By comparison, “cognitive wanting,” in the more familiar sense of the word, is a very different form of desire. Conversely, tapping keys further back elicits strong anxious behavior (anti-predatory reactions to seeing or touching people, sometimes accompanied by anxious squeaks and escape attempts, or even attempts to bite someone who touches the normally free rat). is tame). ). Desire and fear are opposing emotions, but tapping the center of the accumbens keyboard reliably elicits both together.
In the stressful situation, the same taps in the nucleus accumbens mostly produced fearful responses. The hedonic impact and intake of food is increased by midazolam microinjection into the parabrachial nucleus. Meta-analysis, variation, and the search for brain-based essences in the science of emotion.
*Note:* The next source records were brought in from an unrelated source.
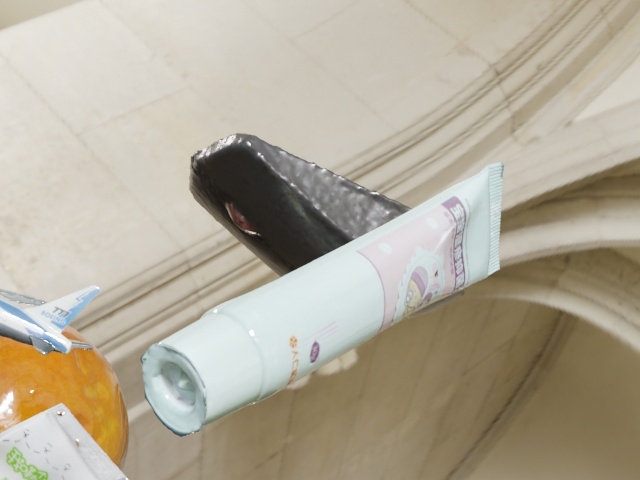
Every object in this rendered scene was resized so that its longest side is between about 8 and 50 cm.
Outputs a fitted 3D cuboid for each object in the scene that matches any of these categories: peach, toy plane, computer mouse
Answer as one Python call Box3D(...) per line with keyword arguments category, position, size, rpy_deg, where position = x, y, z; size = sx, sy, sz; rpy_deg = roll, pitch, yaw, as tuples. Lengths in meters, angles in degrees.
Box3D(category="peach", position=(-0.442, 0.265, 1.357), size=(0.302, 0.342, 0.343), rpy_deg=(65, -27, 16))
Box3D(category="toy plane", position=(-0.255, 0.029, 0.641), size=(0.226, 0.058, 0.226), rpy_deg=(15, -1, 8))
Box3D(category="computer mouse", position=(-0.001, 0.005, 0.945), size=(0.295, 0.087, 0.168), rpy_deg=(27, -24, -15))

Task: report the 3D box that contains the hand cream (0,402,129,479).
Box3D(category="hand cream", position=(-0.269, 0.215, 0.686), size=(0.121, 0.336, 0.076), rpy_deg=(46, -58, 15))

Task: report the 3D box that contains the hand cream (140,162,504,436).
Box3D(category="hand cream", position=(0.026, 0.028, 0.612), size=(0.058, 0.331, 0.085), rpy_deg=(9, -68, 36))
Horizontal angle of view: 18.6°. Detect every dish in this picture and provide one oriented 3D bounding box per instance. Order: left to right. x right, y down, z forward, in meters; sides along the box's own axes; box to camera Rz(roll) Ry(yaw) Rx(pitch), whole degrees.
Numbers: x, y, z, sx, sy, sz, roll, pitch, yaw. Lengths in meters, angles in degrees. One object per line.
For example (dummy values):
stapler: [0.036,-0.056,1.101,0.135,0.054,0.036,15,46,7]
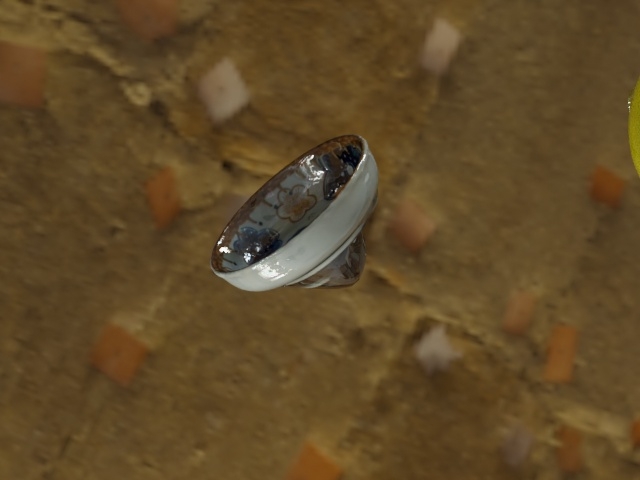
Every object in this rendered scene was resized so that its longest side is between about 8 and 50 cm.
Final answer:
dish: [0.000,0.000,1.369,0.078,0.141,0.141,48,-113,-20]

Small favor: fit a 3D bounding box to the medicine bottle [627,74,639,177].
medicine bottle: [0.253,-0.030,0.943,0.076,0.309,0.111,-25,-69,-16]
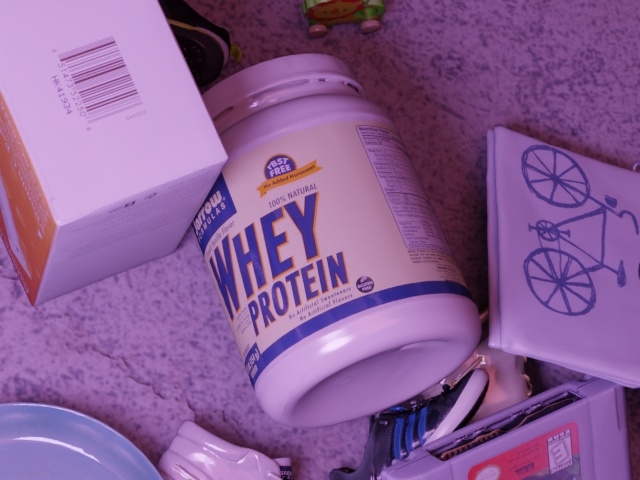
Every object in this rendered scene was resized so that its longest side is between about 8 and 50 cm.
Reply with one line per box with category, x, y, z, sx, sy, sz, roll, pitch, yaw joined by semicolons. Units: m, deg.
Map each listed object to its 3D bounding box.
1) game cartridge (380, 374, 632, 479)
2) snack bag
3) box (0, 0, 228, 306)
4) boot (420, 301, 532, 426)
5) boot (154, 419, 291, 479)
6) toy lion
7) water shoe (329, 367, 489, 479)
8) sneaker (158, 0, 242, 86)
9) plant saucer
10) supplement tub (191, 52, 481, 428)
game cartridge;0.201;0.269;1.723;0.294;0.060;0.196;-21;119;-25
snack bag;0.337;0.035;1.814;0.342;0.037;0.323;16;46;-14
box;-0.231;-0.094;1.613;0.168;0.345;0.215;-22;81;-17
boot;0.213;0.143;1.801;0.213;0.077;0.165;-31;83;-12
boot;-0.050;0.278;1.689;0.258;0.095;0.123;27;78;-4
toy lion;0.026;-0.258;1.853;0.100;0.096;0.034;-7;77;-16
water shoe;0.089;0.198;1.729;0.080;0.073;0.203;41;92;12
sneaker;-0.199;-0.235;1.815;0.234;0.084;0.097;27;32;3
plant saucer;-0.289;0.310;1.596;0.317;0.044;0.318;4;62;-7
supplement tub;0.000;0.000;1.689;0.235;0.235;0.325;-16;67;-17
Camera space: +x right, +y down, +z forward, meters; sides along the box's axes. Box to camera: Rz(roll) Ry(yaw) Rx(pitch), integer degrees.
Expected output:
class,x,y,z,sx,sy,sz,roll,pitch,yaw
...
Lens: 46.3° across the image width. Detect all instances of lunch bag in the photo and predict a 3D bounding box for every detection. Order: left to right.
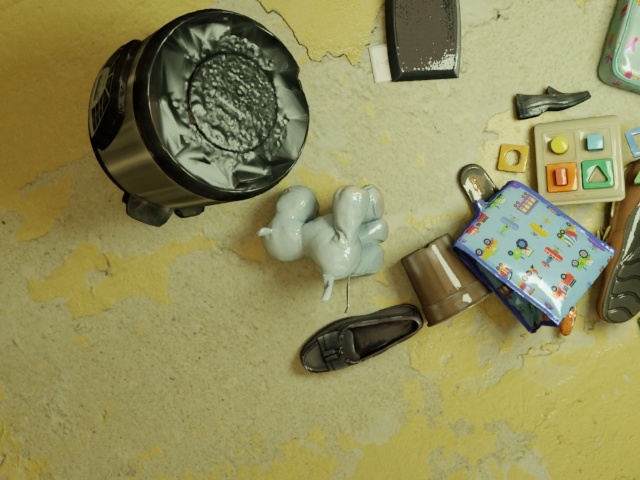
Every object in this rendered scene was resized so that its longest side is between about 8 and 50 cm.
class,x,y,z,sx,sy,sz,roll,pitch,yaw
lunch bag,0.442,0.017,1.619,0.293,0.138,0.221,44,72,2
lunch bag,0.764,-0.461,1.657,0.224,0.108,0.279,17,94,-2

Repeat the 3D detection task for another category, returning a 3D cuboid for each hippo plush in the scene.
class,x,y,z,sx,sy,sz,roll,pitch,yaw
hippo plush,0.000,0.000,1.669,0.237,0.234,0.294,11,78,29

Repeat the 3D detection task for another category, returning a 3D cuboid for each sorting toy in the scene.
class,x,y,z,sx,sy,sz,roll,pitch,yaw
sorting toy,0.566,-0.177,1.645,0.348,0.047,0.196,-4,81,19

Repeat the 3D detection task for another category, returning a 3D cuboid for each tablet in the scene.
class,x,y,z,sx,sy,sz,roll,pitch,yaw
tablet,0.144,-0.405,1.708,0.054,0.006,0.083,-11,95,0

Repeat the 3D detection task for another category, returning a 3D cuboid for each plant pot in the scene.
class,x,y,z,sx,sy,sz,roll,pitch,yaw
plant pot,0.274,0.082,1.678,0.167,0.167,0.165,-29,86,2

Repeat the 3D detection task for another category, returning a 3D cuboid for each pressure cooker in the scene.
class,x,y,z,sx,sy,sz,roll,pitch,yaw
pressure cooker,-0.269,-0.239,1.524,0.370,0.420,0.375,-32,106,-30

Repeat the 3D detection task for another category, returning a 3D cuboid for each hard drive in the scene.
class,x,y,z,sx,sy,sz,roll,pitch,yaw
hard drive,0.233,-0.490,1.677,0.172,0.054,0.254,-3,94,-1

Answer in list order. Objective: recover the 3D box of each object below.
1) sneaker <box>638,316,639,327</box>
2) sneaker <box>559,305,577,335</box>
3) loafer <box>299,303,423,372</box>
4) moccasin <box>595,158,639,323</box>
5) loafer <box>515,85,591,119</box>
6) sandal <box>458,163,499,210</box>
class,x,y,z,sx,sy,sz,roll,pitch,yaw
sneaker,0.808,0.239,1.737,0.076,0.065,0.166,-24,96,-2
sneaker,0.555,0.133,1.731,0.067,0.064,0.175,-2,84,3
loafer,0.093,0.225,1.712,0.303,0.095,0.109,-22,94,1
moccasin,0.691,-0.001,1.688,0.139,0.147,0.380,8,91,-15
loafer,0.525,-0.321,1.692,0.170,0.062,0.061,-13,90,-1
sandal,0.398,-0.083,1.708,0.090,0.060,0.219,-35,94,2
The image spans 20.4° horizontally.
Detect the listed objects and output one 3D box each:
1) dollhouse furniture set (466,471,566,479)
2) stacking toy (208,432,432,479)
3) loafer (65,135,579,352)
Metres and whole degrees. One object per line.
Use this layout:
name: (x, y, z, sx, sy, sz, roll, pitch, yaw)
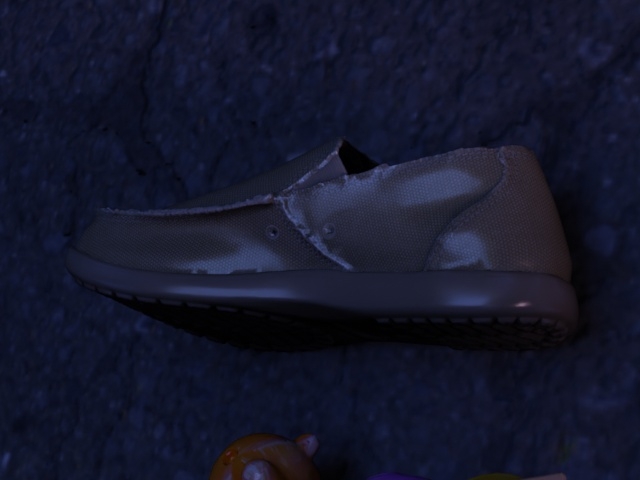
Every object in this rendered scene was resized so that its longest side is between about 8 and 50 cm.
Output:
dollhouse furniture set: (0.186, 0.200, 0.524, 0.286, 0.198, 0.303, -11, 74, -3)
stacking toy: (0.036, 0.158, 0.730, 0.175, 0.166, 0.302, -50, 37, -7)
loafer: (0.000, 0.000, 0.841, 0.268, 0.102, 0.092, 2, 74, 30)
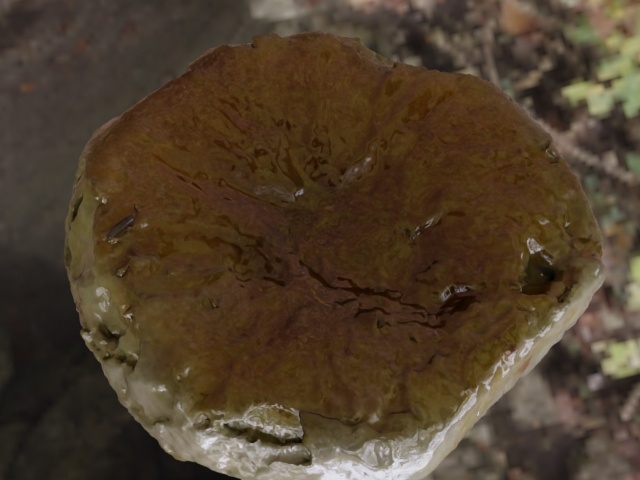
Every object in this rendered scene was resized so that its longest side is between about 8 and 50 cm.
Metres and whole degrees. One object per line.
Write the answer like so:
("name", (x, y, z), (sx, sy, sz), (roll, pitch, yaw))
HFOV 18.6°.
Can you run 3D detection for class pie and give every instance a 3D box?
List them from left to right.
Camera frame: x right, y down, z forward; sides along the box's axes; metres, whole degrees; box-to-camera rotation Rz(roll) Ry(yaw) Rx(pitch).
("pie", (0.000, 0.000, 0.702), (0.195, 0.195, 0.046), (-6, 146, -13))
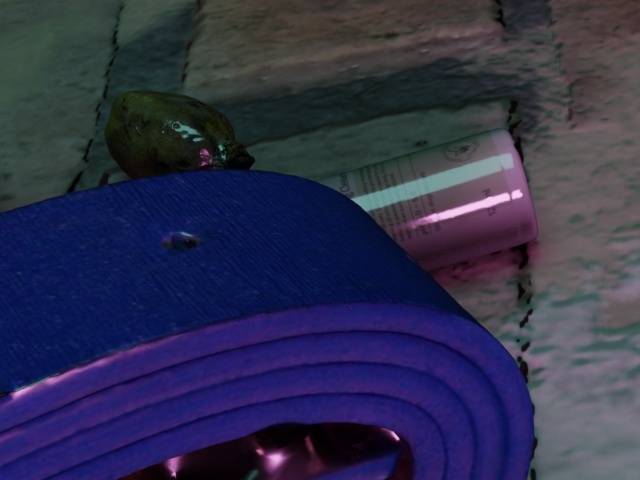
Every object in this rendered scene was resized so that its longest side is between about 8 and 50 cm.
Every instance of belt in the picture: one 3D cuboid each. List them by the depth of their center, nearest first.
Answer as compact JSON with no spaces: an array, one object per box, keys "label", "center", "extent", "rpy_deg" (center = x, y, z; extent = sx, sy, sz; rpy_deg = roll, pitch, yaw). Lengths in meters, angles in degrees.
[{"label":"belt","center":[-0.100,0.107,0.660],"extent":[0.347,0.212,0.117],"rpy_deg":[-24,37,-15]}]

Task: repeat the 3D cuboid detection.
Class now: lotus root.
[{"label":"lotus root","center":[-0.075,-0.050,0.991],"extent":[0.049,0.054,0.099],"rpy_deg":[-31,36,-35]}]

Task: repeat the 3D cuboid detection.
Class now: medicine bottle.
[{"label":"medicine bottle","center":[0.000,0.000,0.890],"extent":[0.199,0.057,0.057],"rpy_deg":[-15,36,2]}]
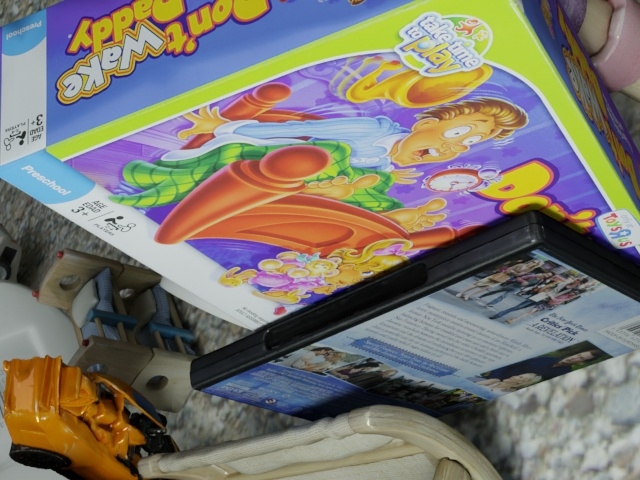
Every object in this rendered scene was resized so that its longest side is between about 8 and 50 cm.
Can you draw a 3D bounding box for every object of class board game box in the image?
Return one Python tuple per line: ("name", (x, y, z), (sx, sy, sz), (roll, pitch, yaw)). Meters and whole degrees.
("board game box", (0.034, -0.033, 0.606), (0.233, 0.347, 0.078), (-18, 61, 22))

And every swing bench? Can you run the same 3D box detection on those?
("swing bench", (-0.002, 0.256, 0.755), (0.253, 0.165, 0.255), (-21, 55, 47))

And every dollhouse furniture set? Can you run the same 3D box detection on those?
("dollhouse furniture set", (-0.156, 0.039, 1.052), (0.184, 0.129, 0.129), (-54, 41, 24))

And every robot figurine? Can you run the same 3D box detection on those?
("robot figurine", (-0.158, 0.211, 0.896), (0.085, 0.291, 0.211), (-6, 60, 19))

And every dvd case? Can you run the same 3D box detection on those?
("dvd case", (0.071, 0.061, 0.686), (0.253, 0.180, 0.022), (-26, 56, 35))

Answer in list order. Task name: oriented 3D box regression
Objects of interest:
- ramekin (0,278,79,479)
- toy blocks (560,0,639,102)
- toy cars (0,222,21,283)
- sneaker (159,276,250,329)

Meta‑analysis, Variation, and the Search for Brain‑Based essences in the Science of emotion
Similarly, electrical stimulation of the human medial temporal lobe (Halgren, Walter, Cherlow, & Crandall, 1978) has been shown to produce both pleasure and displeasure, and a recent review of human intracranial electrophysiological recordings reveals that upon stimulation, limbic, paralimbic, and cortical regions produce positive and negative affective responses in various cases (Guillory & Bujarski, 2014). More broadly, many regions in the affective workspace are considered “rich club hubs” (van den Heuvel & Sporns, 2013), meaning they are among the most connected regions of the brain. Consequently, different instances of the same emotion category will be variably represented in the brain, and instances belonging to different emotion categories (or even non-emotional categories such as cognitions or perceptions) will have some degree of similarity to each other.
In other work (Barrett b), we have proposed that the default mode network is one network that forms the core of the active inference process by which the brain perceives and acts on the world. This is logic of the active inference framework for understanding the brain (Barrett & Simmons, 2015). For example, individual differences in the use of regulation strategies are predictive of the experience of positive affect, better interpersonal functioning and general well-being (Gross & John, 2003).
To date, there has only been a systematic investigation of the brain basis of reappraisal as an emotion regulation strategy. A "brain state" refers to the full set of variables that. describe the neural circuits of the brain. Rather, to understand the magnitude of the variability in the brain basis for different instances of valence or emotion, or the similarity between two instances, it is necessary to quantify these instances in terms of brain states.
Large-scale brain networks in affective and social neuroscience: Toward an integrative functional architecture of the brain. The brain basis of positive and negative affect: Evidence from a meta-analysis of the human neuroimaging literature. The independence of affect is context dependent: An integrative model of the relationship between positive and negative affect.
For example, the authors of the meta-analyses published in two editions of the Handbook of Emotion (Cacioppo, Berntson, et al., 2000; Larsen et al., 2008) concluded that motivational tendencies embedded in emotional states show. somewhat consistent ANS pattern. For example, PEP is a chronotropic measure based on the time from left ventricular contraction to aortic valve opening. As such, it is one of the few non-dual innervated targets that solely represents SNS activation.